Find the values of $k$ for which the simultaneous equations do not have a unique solution for $x, y$ and $z$.
Also show that when $k = -2$ the equations are inconsistent $$kx + 2y +z =0$$ $$3x + 0y -2z =4$$ $$3x - 6ky -4z =14$$ Using a determinant and setting to zero, then solving the quadratic gives $$ \begin{vmatrix} k & 2 & 1\\ 3 & 0 & -2\\ 3 & -6k & -4\\ \end{vmatrix} =0 $$ $$ k=-2, k=\frac{1}{2} $$ So far so good, but when subbing $-2$ for $k$ $$-2x + 2y +z =0 \;...\,eqn \,1$$ $$3x + 0y -2z =4 \;...\,eqn \,2$$ $$3x +12y -4z =14 \;...\,eqn \,3$$ subbing eqn $2$ from eqn $3$ gives $$ 12y-2z=10$$ $$\Rightarrow y = \frac{5 +z}{6} $$ Subbing for $y$ into eqn $1$ $$ -2x+\frac{5+z}{3}-z=0 $$ $$ \Rightarrow x = \frac{5-2z}{6} $$ Subbing for $y$ and $x$ into eqn $3$ $$\frac{5-2z}{2}+10 -2z =14 $$ $$\Rightarrow z = \frac{-1}{2},\; x = 1 \; and \; y = \frac{3}{4}$$
These values for $x,y$ and $z$ seem to prove unique solutions for these equations, yet from the determinant and also the question in the text book should they not be inconsistent?
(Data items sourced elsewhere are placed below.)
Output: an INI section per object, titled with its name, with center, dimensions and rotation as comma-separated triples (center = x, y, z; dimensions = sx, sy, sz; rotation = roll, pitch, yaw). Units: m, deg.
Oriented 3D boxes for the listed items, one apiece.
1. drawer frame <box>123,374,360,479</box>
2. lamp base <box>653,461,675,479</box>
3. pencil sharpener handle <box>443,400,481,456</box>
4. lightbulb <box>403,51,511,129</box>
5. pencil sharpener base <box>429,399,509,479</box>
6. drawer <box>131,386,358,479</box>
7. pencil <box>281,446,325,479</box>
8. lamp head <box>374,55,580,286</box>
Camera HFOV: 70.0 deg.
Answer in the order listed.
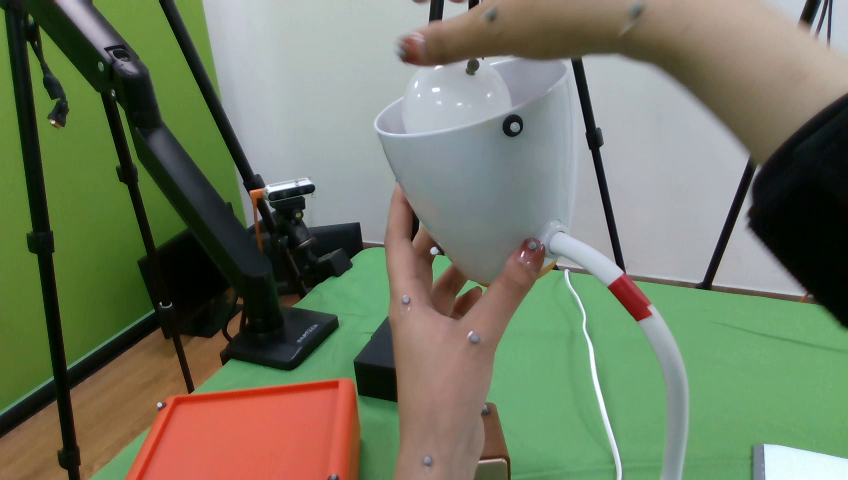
[drawer frame]
center = -0.165, 0.226, 0.553
dimensions = 0.202, 0.083, 0.212
rotation = -6, 24, -2
[lamp base]
center = 0.151, 0.238, 0.356
dimensions = 0.161, 0.181, 0.177
rotation = -8, 22, -5
[pencil sharpener handle]
center = 0.034, 0.172, 0.577
dimensions = 0.036, 0.068, 0.030
rotation = 0, 25, -4
[lightbulb]
center = 0.028, -0.054, 0.344
dimensions = 0.059, 0.109, 0.059
rotation = -20, 32, 14
[pencil sharpener base]
center = 0.039, 0.204, 0.537
dimensions = 0.061, 0.108, 0.076
rotation = -5, 25, -1
[drawer]
center = -0.164, 0.228, 0.551
dimensions = 0.194, 0.074, 0.210
rotation = -6, 24, -1
[pencil]
center = -0.161, 0.245, 0.524
dimensions = 0.194, 0.012, 0.012
rotation = -37, 38, -30
[lamp head]
center = 0.043, -0.034, 0.354
dimensions = 0.112, 0.124, 0.111
rotation = -18, 22, 8

Thanks in advance to anyone who helps with regards to this exercise from a slightly confused self learner!
Firstly, a non-zero determinant doesn't imply there are no solutions. The system of equations $$ \left[ \begin{array}{ccc|c} 1 & 1 & 1 & 1 \\ 2 & 2 & 2 & 2 \\ 3 & 3 & 3 & 3 \\ \end{array} \right] $$ has an infinite number of solutions, for example, and the relevant determinant will be zero. So, we can't be sure the system will be inconsistent from a zero determinant alone.
The matrix $$ \left[ \begin{array}{ccc|c} -2 & 2 & 1 & 0 \\ 3 & 0 & -2 & 4 \\ 3 & 12 & -4 & 14 \\ \end{array} \right] $$ has row echelon form \begin{align*} & \sim_{R_3 \gets R_3-R_2} \left[ \begin{array}{ccc|c} -2 & 2 & 1 & 0 \\ 3 & 0 & -2 & 4 \\ 0 & 12 & -2 & 10 \\ \end{array} \right] \\ & \sim_{R_2 \gets R_2+\frac{3}{2}R_1} \left[ \begin{array}{ccc|c} -2 & 2 & 1 & 0 \\ 0 & 3 & -0.5 & 4 \\ 0 & 12 & -2 & 10 \\ \end{array} \right] \\ & \sim_{R_3 \gets R_3-4R_2} \left[ \begin{array}{ccc|c} -2 & 2 & 1 & 0 \\ 0 & 3 & -0.5 & 4 \\ 0 & 0 & 0 & -6 \\ \end{array} \right] \\ \end{align*} which is inconsistent. So, no solutions exist.